In the past year Cultural Survival has worked with environmentalist organizations, notably the Natural Resources Defense Council and the World Wildlife Fund, in urging Congress to pay attention to the harmful social and environmental effects of many loans made by the large multilateral development banks (MDBs). In this connection I testified on September 18, 1985 before the Subcommittee on Foreign Operations of the Senate Committee on Appropriations, chaired by Senator Kasten. In my testimony I focused on the World Bank, not only because it is the most influential of the MDBs, but also because it is an institution that has gone on record as being concerned about the environment and the human rights of native peoples in areas being developed by its loans. In fact Cultural Survival played a leading part in the campaign to persuade the World Bank to take these issues seriously. We therefore welcomed the bank's publication of Economic Development and Tribal Peoples: Human and Ecologic Considerations and were encouraged by the subsequent news that the bank had adopted policy guidelines requiring it to protect both indigenous peoples and the environment from the adverse effects of its projects. But the policies advocated in the guidelines are, all too often, not put into practice. In the following, edited version of my testimony, I argue that the World Bank in particular and the MDBs in general ought to learn from past mistakes and seek in the future to promote development without ravaging the environment or trampling on the rights of native peoples.

Testimony

We are deeply concerned by the widespread assumption that the destruction of the way of life and the environment of peoples in areas targeted for development is one of the unavoidable costs of economic progress. Cultural Survival can, on the contrary, demonstrate that such destruction is in no way necessary and that it often serves to undermine development itself. We wish, therefore, to promote a wider understanding of this principle so that development programs may be planned and implemented for the benefit of peoples in the areas to be developed and not undertaken at their expense.

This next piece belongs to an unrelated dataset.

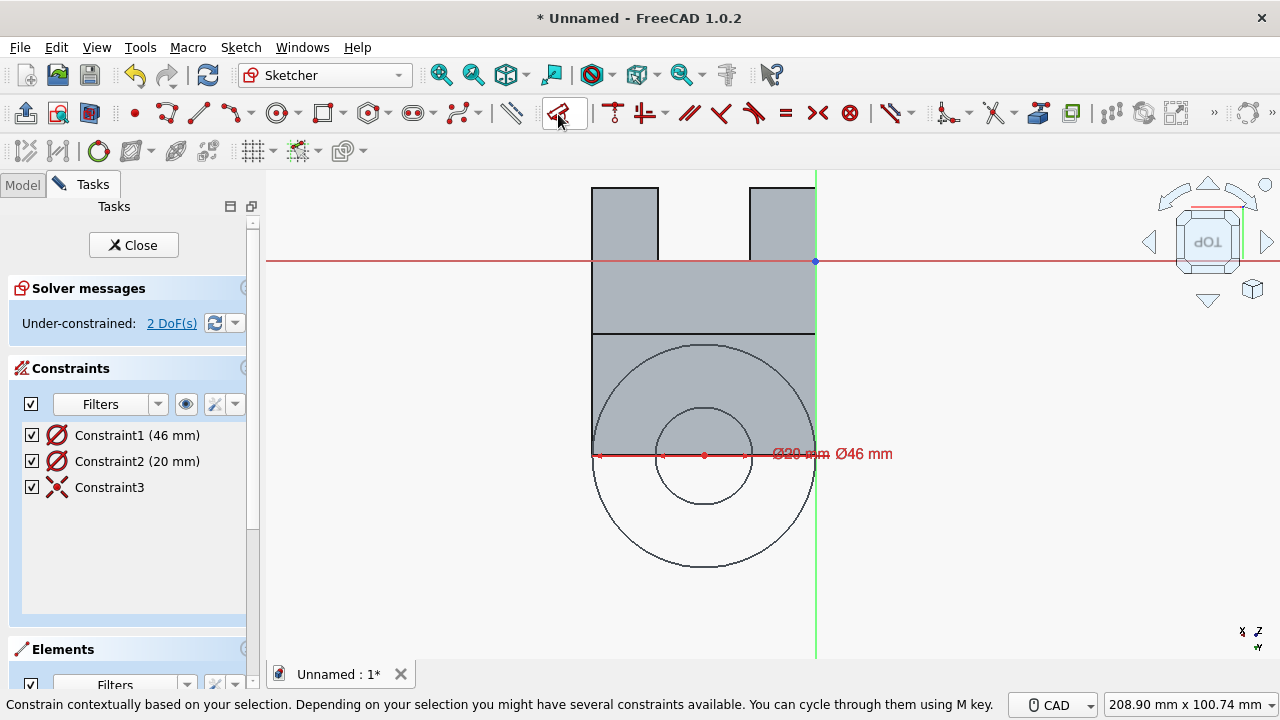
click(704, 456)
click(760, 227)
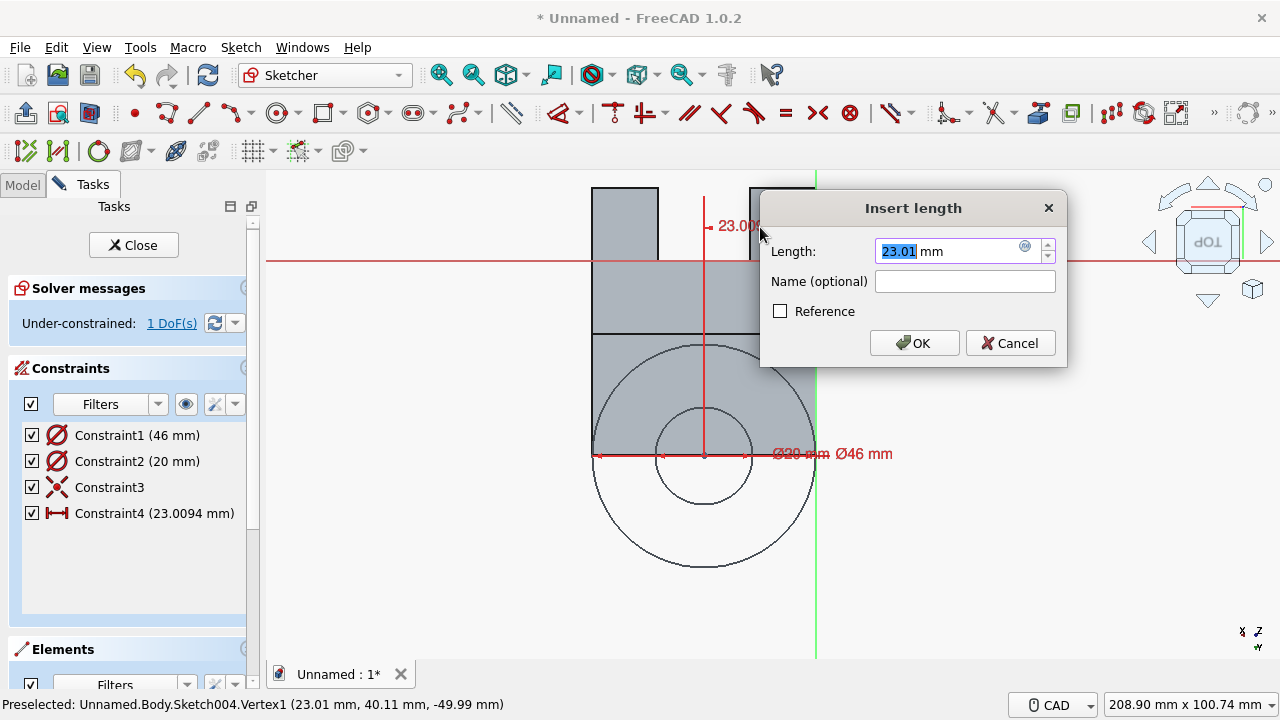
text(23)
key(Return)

In recent years there have been indications that the MDBs might take indigenous and environmental issues more seriously into account. Cultural Survival welcomed the World Bank's publication. Economic Development and Tribal Peoples: Human and Ecologic Considerations, that dealt specifically and sensitively with these questions. Our organization was also encouraged to learn that the World Bank had adopted policy guidelines that required it to protect both indigenous peoples and the environment from the adverse effects of its projects. Indeed the World Bank's efforts on behalf of indigenous peoples in the area of the Polonoroeste project in Brazil have resulted in the lands of some Indian societies being demarcated and protected. Since then the Inter-American Development Bank has also indicated that it intends to be sensitive to the rights of indigenous peoples and to the needs of the environment as it undertakes the financing of the Brazilian Porto Velho-Rio Branco highway, which is essentially a continuation of the Polonoroeste project.

Nevertheless, there is still cause for grave concern. Not only is the past record of the MDBs in the areas of indigenous rights and environmental protection indefensible, but they continue to make similar mistakes, in spite of their policy documents and their assurances that they now take these issues seriously. The World Bank, for example, has had plenty of opportunity to learn from the difficulties of its past projects.

In the 1970s the bank made massive loans to promote rural development in the Philippines. Its strategy depended on the implementation of land reform, together with a nationwide program of rural credits designed to help small holders take part in the Green Revolution. At the same time it financed the construction of large dams to provide water for irrigation. But the Philippine authorities never carried out the land reform. Without it the rural credit system served merely to bankrupt farmers and impair the financial stability of rural banks. Meanwhile the irrigation projects produced similarly disastrous results. They uprooted small holders, poor Filipinos and tribal peoples (National Minorities) alike. These people were not properly resettled or compensated, because those aspects of the program were inadequately implemented, or not at all. Where resettlement did take place, the Ministry of Agrarian Reform made it impossibly difficult for the uprooted to gain title to their new lands. In the absence of such title they were ineligible for rural credit. The result of all this effort and of a decade of investment in Philippine rural development was the exact opposite of what had been the original planners' stated intentions. A consultant for the World Bank, writing in 1981, stated that the rural development strategies financed by the bank had failed to provide meaningful benefits for those rural Filipinos most in need of them. He added that the circumstances of most rural Filipinos were continuing to worsen and that the trend appeared to be irreversible. There is little doubt that this developmental disaster has contributed in large measure to the current economic and political instability of the Philippines. As a result of the Philippine program the World Bank has had a decade of experience with a government that did not implement the socially critical elements of bank-approved development strategies and whose relocation programs led to dispossession of tribal and non-tribal peoples, their impoverishment and the destruction of their ways of life.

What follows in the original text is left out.